▸ **Records shown**
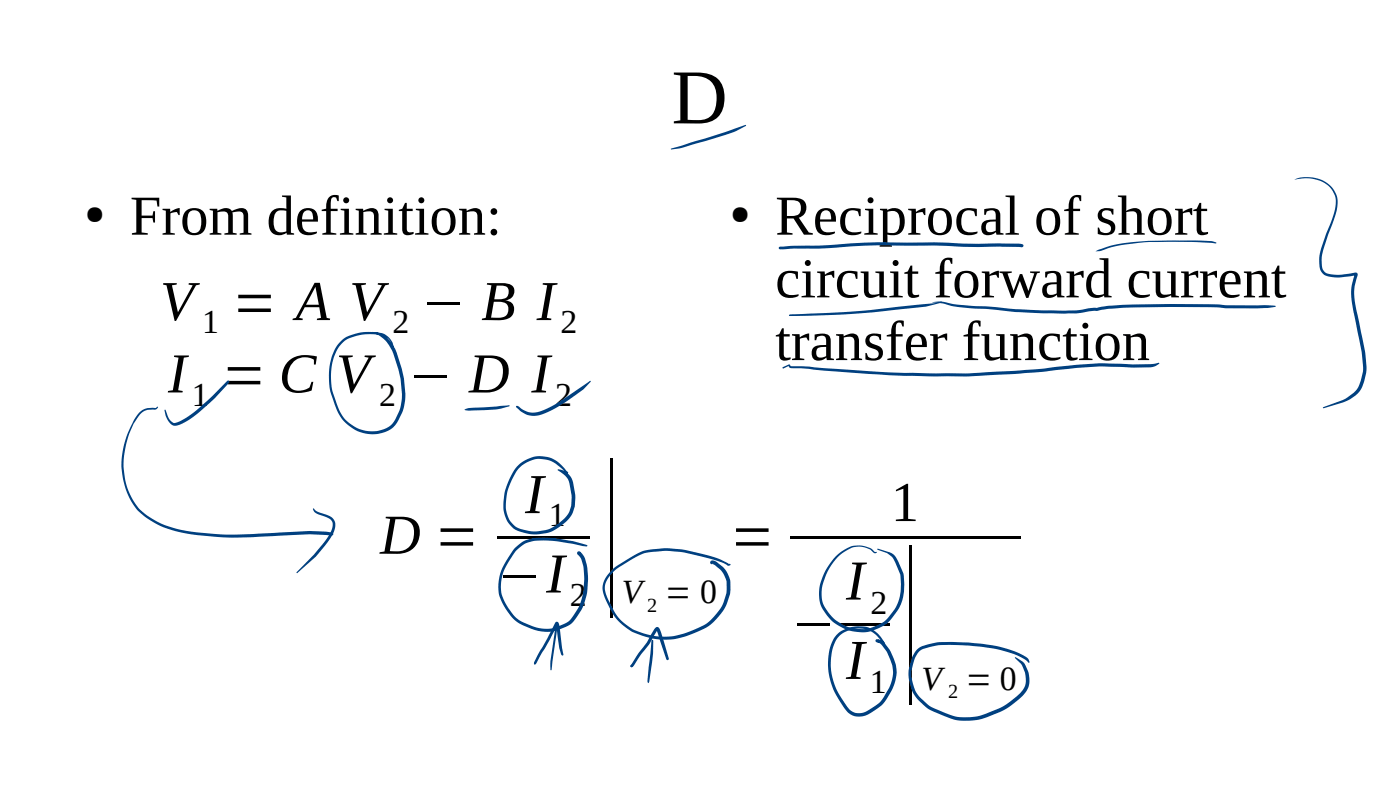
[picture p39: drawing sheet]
<svg xmlns="http://www.w3.org/2000/svg" width="280mm" height="158mm" viewBox="0 0 280 158" stroke-linecap="round" stroke-linejoin="round" font-family="sans-serif">
<defs><g id="words">
<g font-size="31.7">
<text x="120" y="116.7">|</text>
<text x="179.9" y="134.1">|</text>
</g>
<text font-size="15.5" x="134.3" y="24.7">D</text>
<g font-size="11.3">
<text x="26" y="46.9">From definition:</text>
<text x="155.1" y="46.9">Reciprocal of short</text>
<text x="155.1" y="59.4">circuit forward current</text>
<text x="32" y="64">V = A V − B I</text>
<text x="155.1" y="72">transfer function</text>
<text x="33.6" y="78.4">I = C V − D I</text>
<text x="105" y="102.6">I</text>
<text x="178.2" y="104.1">1</text>
<text x="76" y="110.7">D =</text>
<text x="146" y="110.7">=</text>
<text x="99.4" y="118.4">−I</text>
<text x="169.2" y="119.8">I</text>
<text x="158.3" y="128.1">−</text>
<text x="169.2" y="135.7">I</text>
</g>
<g font-size="6.8">
<text x="40.5" y="66.6">1</text>
<text x="78.5" y="66.6">2</text>
<text x="112.1" y="66.6">2</text>
<text x="38.4" y="81.1">1</text>
<text x="75.8" y="81.1">2</text>
<text x="111" y="81.1">2</text>
<text x="109.8" y="105.2">1</text>
<text x="114" y="121.1">2</text>
<text x="124.4" y="120.5">V = 0</text>
<text x="174.1" y="122.7">2</text>
<text x="184.3" y="138">V = 0</text>
<text x="174" y="138.5">1</text>
</g>
<g font-size="5.1">
<text x="17" y="44.3">●</text>
<text x="146.1" y="44.3">●</text>
</g>
<g font-size="4.1">
<text x="129.5" y="122.3">2</text>
<text x="189.6" y="139.6">2</text>
</g>
</g></defs>
<g fill="#000">
<path d="M99.6 107.1h18.4v.6h-18.4z" fill-rule="evenodd"/>
<path d="M157.9 107.1h46.2v.6h-46.2z" fill-rule="evenodd"/>
<path d="M168.1 124.6h9.9v.5h-9.9z" fill-rule="evenodd"/>
</g>
<g fill="#004080">
<path d="M134.2 29.7l8.1-2.4 6.8-2.3 .1 .2a22.7 22.7 0 0 1-6.7 2.6l-3.1 .8a20 20 0 0 1-5.1 1.3z"/>
<path d="M92.9 81.9a3.7 3.7 0 0 1 2.3-.4l6.6-.5 .2 .1a14.2 14.2 0 0 1-6 .9l-2.3 .1z"/>
<path d="M33 81.9l.5 1a1.73 1.73 0 0 0 1.5 1.6l1.5-.6 2.2-1.5 3.8-3.3 2.9-3h.2l.3 .2a32.9 32.9 0 0 1-4.8 5l-.9 .7a10.3 10.3 0 0 1-5.3 3.1 2.67 2.67 0 0 1-1.8-2.1l-.2-1z"/>
<path d="M103.2 81.2h.5l.7 .6a4.3 4.3 0 0 0 4.8 0l2.9-1.6 5.9-4.1 .2 .2a20.9 20.9 0 0 1-4.4 3.6 15.7 15.7 0 0 1-6.8 3.2 4.1 4.1 0 0 1-3-1l-.7-.6z"/>
<path d="M68.3 68.1a9.4 9.4 0 0 1 6.8-1.7 3.4 3.4 0 0 1 3.6 2.9 3.5 3.5 0 0 0-3.9-2.5 9.1 9.1 0 0 0-6.2 1.6 9.7 9.7 0 0 0-2.4 8.1 14.2 14.2 0 0 0 3.2 7.7 6.7 6.7 0 0 0 9 .5 9.4 9.4 0 0 0 2-5.9 22.5 22.5 0 0 0-2.6-9.8 6 6 0 0 0-3.4-2.6l.1-.1a4.7 4.7 0 0 1 3.9 2.3 17.3 17.3 0 0 1 2.4 7l.3 3.1a9.6 9.6 0 0 1-2.8 7 7.6 7.6 0 0 1-11.1-4.2 13.4 13.4 0 0 1 0-12.1z"/>
<path d="M27.8 82.5l.7-.6 .8-.3 1.8-.1 .4-.2 .1 .1-.5 .5h-1.7a4 4 0 0 0-2.4 2.4 15.7 15.7 0 0 0-.2 15.9 13.1 13.1 0 0 0 7.9 5.3 56.9 56.9 0 0 0 17 1.2l4.3-.3a43 43 0 0 1 10.4 0l.3 .3-.1 .3h-.3a49.5 49.5 0 0 0-10.3 .1h-1.2a66.9 66.9 0 0 1-18.3-.6 15.9 15.9 0 0 1-9.6-5.3 15.5 15.5 0 0 1-.4-16.6z"/>
<path d="M62.6 101.7a.29 .29 0 0 1 .3 0 .29 .29 0 0 1 .1 .3l.6 .3 1.6 .5a2.3 2.3 0 0 1 1.5 3.7l-1.4 2.2a33.7 33.7 0 0 1-5.8 5.8l-.2-.1a47.7 47.7 0 0 0 5.5-6 5.8 5.8 0 0 0 1.7-3.7 1.74 1.74 0 0 0-1.5-1.4l-.8-.3a1.84 1.84 0 0 1-1.6-1.3z"/>
<path d="M103.7 93a6.2 6.2 0 0 1 9.6 1.2l.4 .3-.2 .1-.5-.3a6.3 6.3 0 0 0-6-2.5 6.5 6.5 0 0 0-4.8 4.5 8.7 8.7 0 0 0-.3 7.7 4.3 4.3 0 0 0 3.6 2.1 7.8 7.8 0 0 0 8.4-3.9l.3-1.1a10.8 10.8 0 0 0-.5-5.1 5.7 5.7 0 0 0-2.2-2.1 2.17 2.17 0 0 1 2.3 1l.7 1.1a9.8 9.8 0 0 1 .1 6.4 8.4 8.4 0 0 1-12.1 3 6.3 6.3 0 0 1-1.7-5.7 12.7 12.7 0 0 1 2.9-6.7z"/>
<path d="M103 109.5a6.8 6.8 0 0 1 5.9-2l2.3 .1 3.4 .6 2.8 .7 .1 .2-.1 .1h-.8l-5-1a11.5 11.5 0 0 0-6.7 .5l-.1 .1a11.5 11.5 0 0 0-4.4 6.3 7.2 7.2 0 0 0 1.6 6.9 6.6 6.6 0 0 0 4 3 7.5 7.5 0 0 0 7.5-.7 10.2 10.2 0 0 0 3.2-6.3 11.6 11.6 0 0 0-.5-6.4l-.4-.5a.46 .46 0 0 1-.4-.5 .46 .46 0 0 1 .5-.4l.3 .3-.1 .3-.3 .1 .3-.2-.1-.4 .9 1.1a13.2 13.2 0 0 1 .5 7.1 10.9 10.9 0 0 1-3.7 6.5l-.4 .2a8.3 8.3 0 0 1-8.2 0 7.7 7.7 0 0 1-4.3-4 8.3 8.3 0 0 1 .5-9.1z"/>
<path d="M122.4 113.9l1.1-.9 3-1.8a9.2 9.2 0 0 1 5.6-1.6h1.3l3.3 .3 6.1 1.4a9 9 0 0 1 3 1.5l-.1-.1h.3l.1 .1-.5 .3-.9-.6-2.1-.7-5.6-1.3a18.9 18.9 0 0 0-8.8 .3l-4.5 2.6a6.8 6.8 0 0 0-2.7 3.5 5.4 5.4 0 0 0 1.1 3.9 10.6 10.6 0 0 0 8.9 6.3 14 14 0 0 0 9-1.8 10 10 0 0 0 4.7-4.9 7.4 7.4 0 0 0 .6-4.2 5.1 5.1 0 0 0-2.5-3.4l-.3-.1 .1-.2-.3 .3-.2-.1-.1-.3a.63 .63 0 0 1 .5-.4 .63 .63 0 0 1 .6 .2 5.6 5.6 0 0 1 3 4.1 8.3 8.3 0 0 1-1 4.9 11.1 11.1 0 0 1-6.9 5.6 13.6 13.6 0 0 1-14-2.1 13.8 13.8 0 0 1-3.7-7.3 5 5 0 0 1 1.8-3.4z"/>
<path d="M130.4 127.9l.3 .2-.1 2.5-.7 5.6-.2 .3-.2-.4z"/>
<path d="M131.1 125.5a.55 .55 0 0 1 .6-.1 .55 .55 0 0 1 .3 .5l1.8 5.7-.1 .3-.2 .1-.2-.2-2-5.9h.3l-.2 .2a18.5 18.5 0 0 1-3 4.4l-1.3 2a1.14 1.14 0 0 1-.8 .9l-.1-.1v-.3l2-3.1a18.2 18.2 0 0 0 2.7-4.1z"/>
<path d="M126.2 133h.2l.1 .3h-.3z"/>
<path d="M126.1 133l.2-.2 .1 .2v.3l-.3-.1z"/>
<path d="M111.2 125l.1-.1 .1 .1 .1 .4-1.3 8.6-.1-.1v-1.8z"/>
<path d="M111.2 124.3a.59 .59 0 0 1 .7 .7l.8 5.8-.2 .3-.2-.2a14.7 14.7 0 0 1-.9-4.9l-.2-1.2h.4l-1.6 3-2.7 4.7-.3 .3h-.2v-.5l.7-1.3z"/>
<path d="M106.8 132.5l.2-.2 .2 .4-.4 .1z"/>
<path d="M167.5 126.7a6.5 6.5 0 0 1 7.1-.8l1.2 1 1.2 1.7-.2 .1-1-1.2a5.4 5.4 0 0 0-8.9 1 12.2 12.2 0 0 0 2.2 12.3 3 3 0 0 0 4.8 1 9.3 9.3 0 0 0 4.6-6.4l.1-1.7a9.8 9.8 0 0 0-2.5-5l-.7-.3a.28 .28 0 0 0 .3-.3 .28 .28 0 0 0-.2-.3l.3 .1 .2 .3a.47 .47 0 0 1-.5 .2 .47 .47 0 0 1-.3-.5l.3-.1 .9 .3a9.3 9.3 0 0 1 2.9 5.5 10 10 0 0 1-5.5 9.1 3.6 3.6 0 0 1-5.2-1.6 13.1 13.1 0 0 1-2.2-12.8z"/>
<path d="M167.2 111.1a5.9 5.9 0 0 1 5.1-2 3.9 3.9 0 0 1 2.8 1.2l.3 .1-.5 .2a4.5 4.5 0 0 0-6.3-.1 10.9 10.9 0 0 0-4.2 9.3 8 8 0 0 0 6.9 5.9 8 8 0 0 0 7.9-4.5 10.6 10.6 0 0 0 .9-6.4l-1-2.4a3.3 3.3 0 0 0-1.7-1.9l-1.9-.6-.1-.1 .2-.1a8.1 8.1 0 0 1 3.1 1.1l.4 .4a9.4 9.4 0 0 1 1.5 8.1 9.2 9.2 0 0 1-4.6 6.1 8.6 8.6 0 0 1-12.1-5.5 11.1 11.1 0 0 1 3.3-8.8z"/>
<path d="M183.4 129.8h.1a9.5 9.5 0 0 1 4.9-1.5 38.6 38.6 0 0 1 15.1 2.1l2 1.1 .4 .8-.1 .2a8.7 8.7 0 0 0-4.5-2.2 41.7 41.7 0 0 0-14.5-1.2l-1.9 .5a2.97 2.97 0 0 0-2 2.3 7.5 7.5 0 0 0 2.8 9 20.5 20.5 0 0 0 6.5 2.5 11.8 11.8 0 0 0 6.6-1.4l1.4-.6 1.3-.7a10.9 10.9 0 0 0 3.5-3.6 5.4 5.4 0 0 0-.5-3.9l-.4-.6-1.1-1.1 .1-.1 1.6 1a6 6 0 0 1 1.2 3.9 4.7 4.7 0 0 1-2.1 3.5l-1 .7a17.8 17.8 0 0 1-6.8 3.3 11.5 11.5 0 0 1-8.3-1.2 8.4 8.4 0 0 1-6-7.9 8.6 8.6 0 0 1 1.5-4.7z"/>
<path d="M155.8 49.4l2.3-.3 7.6-.1a110.9 110.9 0 0 1 15.7-.5 102.6 102.6 0 0 1 11.3 .2h11.1l.6 .1 .3 .3-.3 .3-4.5-.1-4.2 .1a352.6 352.6 0 0 0-25.6-.1 91.1 91.1 0 0 1-11.2 .4l-2.8 .1-.3-.1z"/>
<path d="M155.8 49.4l.2-.1 .6 .4-.6 .1-.2-.1z"/>
<path d="M219.1 50.2l.4-.2a21.4 21.4 0 0 1 7-1.6l3.5-.3h9.4a8.4 8.4 0 0 1 3.8 .3l.1 .2-.1 .1a87.3 87.3 0 0 0-18.6 .2l-2.4 .5-2.2 .8z"/>
<path d="M157.9 62.9a275.5 275.5 0 0 0 25.7-2l3.2-.3 1.5-.3 .1 .1-.1 .1a22.8 22.8 0 0 1-6.5 1.1 188.8 188.8 0 0 1-23.9 1.5l-.1-.1z"/>
<path d="M157.9 62.9h.8l-.8 .2-.1-.1z"/>
<path d="M186.4 60.4l1.8-.1a32.8 32.8 0 0 0 7.9 .9 181.6 181.6 0 0 0 17 .9l2.2-.1 2.6-.4 1.6-.1a28.8 28.8 0 0 1 7.4-.6l15-.1 3.3 .2h8.3l1.5 .1 .2 .1-1.6 .4h-2.1h-6.3l-3.3-.2h-15a28.5 28.5 0 0 0-7.3 .7l-1.6 .1-2.8 .4h-1.6a110.7 110.7 0 0 1-16.4-.9 28.7 28.7 0 0 1-9.1-1.1z"/>
<path d="M156.5 73.4l1.4-.6 .3 .4h2.1a308.4 308.4 0 0 0 33.4 1.4 252.7 252.7 0 0 0 21.6-1.7l4.6-.3 6.8 .2h3.8l1.3-.3 .1 .1-.7 .5-1.1 .3-3.7 .1-6.5-.3-4.6 .3a212.6 212.6 0 0 1-48.1 .8l-6.9-.7h-2.1a.3 .3 0 0 1-.4-.1 .3 .3 0 0 1 .1-.4l-1.2 .6-.2-.2z"/>
<path d="M258.9 35.9a6.3 6.3 0 0 1 8.5 3.4l.1 1.3-.2 1.6-2.6 7.6a5.5 5.5 0 0 0 .1 4.4l.1 .1a5 5 0 0 0 4 .5l2.2-.3 .4 .1v.5l-.6 2a13.9 13.9 0 0 0 .6 6l1.6 7.5a10.2 10.2 0 0 1-1.3 7.7 7.4 7.4 0 0 1-3.1 2.1l-4 1.2-.1-.1 4.5-1.8a5.3 5.3 0 0 0 3.1-3.7 10.2 10.2 0 0 0 .2-5.3l-1.5-7.5a15 15 0 0 1-.5-6.2l.5-2.1 .2 .1a10.9 10.9 0 0 1-6.1 0 2.73 2.73 0 0 1-1.2-2.9l.1-.9 .3-1.5 1.8-4.7a9.4 9.4 0 0 0 1.1-5.6 5.5 5.5 0 0 0-5.4-3.8z"/>
</g>
<use href="#words"/>
</svg>

▸ **What you will do**
From the records above, copy each line where the word "size" can be found.

▸ **Your solution**
<g font-size="31.7">
<text font-size="15.5" x="134.3" y="24.7">D</text>
<g font-size="11.3">
<g font-size="6.8">
<g font-size="5.1">
<g font-size="4.1">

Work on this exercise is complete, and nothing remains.